Directions: Using the data below, determine the number of lines that include the string "Tree". Write only that number.

Data for analysis:
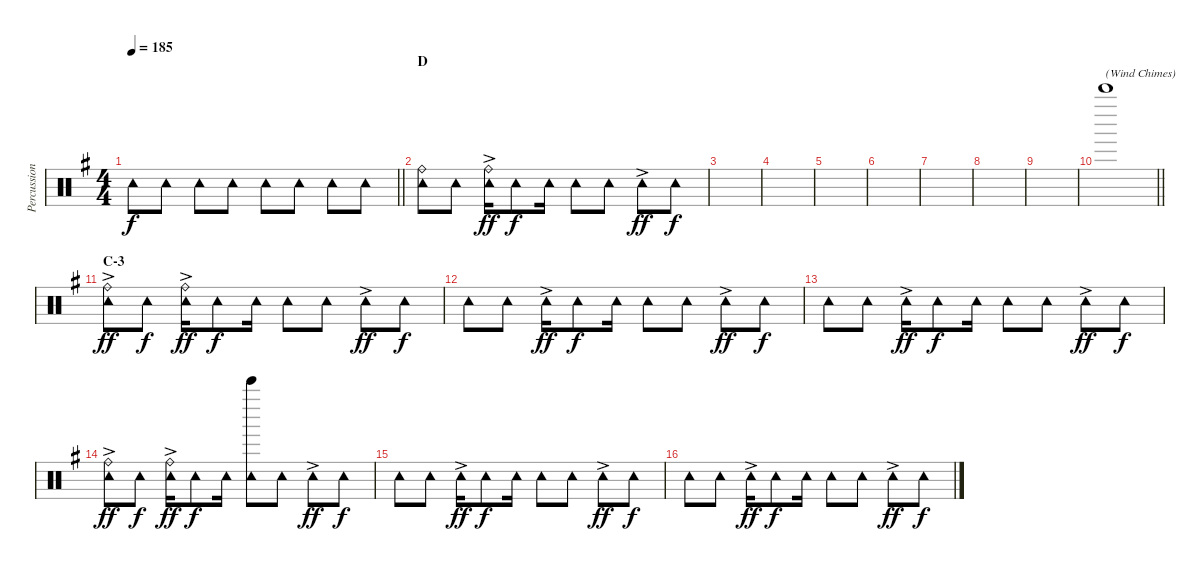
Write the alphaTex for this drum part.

\track ("Percussion I" "Percussion") {instrument percussion}
\staff {score}
\articulation defaults
\ts (4 4)
\tempo 185
\clef neutral
\barLineRight lightlight
\ks g "Tambourine (hit)".8{dy f} "Tambourine (hit)".8 "Tambourine (hit)".8 "Tambourine (hit)".8 "Tambourine (hit)".8 "Tambourine (hit)".8 "Tambourine (hit)".8 "Tambourine (hit)".8
|
\section ("" "D")
("Ride (bell)" "Tambourine (hit)").8 "Tambourine (hit)".8 ("Ride (bell)" "Tambourine (hit)"{ac}).16{dy ff} "Tambourine (hit)".8{dy f} "Tambourine (hit)".16 "Tambourine (hit)".8 "Tambourine (hit)".8 "Tambourine (hit)"{ac}.8{dy ff} "Tambourine (hit)".8{dy f} |
|
|
|
|
|
|
|
\barLineRight lightlight "Bell Tree (hit)".1{txt "(Wind Chimes)"}
|
\section ("" "C-3")
("Ride (bell)"{ac} "Tambourine (hit)").8{dy ff} "Tambourine (hit)".8{dy f} ("Ride (bell)" "Tambourine (hit)"{ac}).16{dy ff} "Tambourine (hit)".8{dy f} "Tambourine (hit)".16 "Tambourine (hit)".8 "Tambourine (hit)".8 "Tambourine (hit)"{ac}.8{dy ff} "Tambourine (hit)".8{dy f} |
"Tambourine (hit)".8 "Tambourine (hit)".8 "Tambourine (hit)"{ac}.16{dy ff} "Tambourine (hit)".8{dy f} "Tambourine (hit)".16 "Tambourine (hit)".8 "Tambourine (hit)".8 "Tambourine (hit)"{ac}.8{dy ff} "Tambourine (hit)".8{dy f} |
"Tambourine (hit)".8 "Tambourine (hit)".8 "Tambourine (hit)"{ac}.16{dy ff} "Tambourine (hit)".8{dy f} "Tambourine (hit)".16 "Tambourine (hit)".8 "Tambourine (hit)".8 "Tambourine (hit)"{ac}.8{dy ff} "Tambourine (hit)".8{dy f} |
("Ride (bell)"{ac} "Tambourine (hit)").8{dy ff} "Tambourine (hit)".8{dy f} ("Ride (bell)" "Tambourine (hit)"{ac}).16{dy ff} "Tambourine (hit)".8{dy f} "Tambourine (hit)".16 ("Tambourine (hit)" "Bell Tree (hit)").8 "Tambourine (hit)".8 "Tambourine (hit)"{ac}.8{dy ff} "Tambourine (hit)".8{dy f} |
"Tambourine (hit)".8 "Tambourine (hit)".8 "Tambourine (hit)"{ac}.16{dy ff} "Tambourine (hit)".8{dy f} "Tambourine (hit)".16 "Tambourine (hit)".8 "Tambourine (hit)".8 "Tambourine (hit)"{ac}.8{dy ff} "Tambourine (hit)".8{dy f} |
"Tambourine (hit)".8 "Tambourine (hit)".8 "Tambourine (hit)"{ac}.16{dy ff} "Tambourine (hit)".8{dy f} "Tambourine (hit)".16 "Tambourine (hit)".8 "Tambourine (hit)".8 "Tambourine (hit)"{ac}.8{dy ff} "Tambourine (hit)".8{dy f}

Output for this task: 2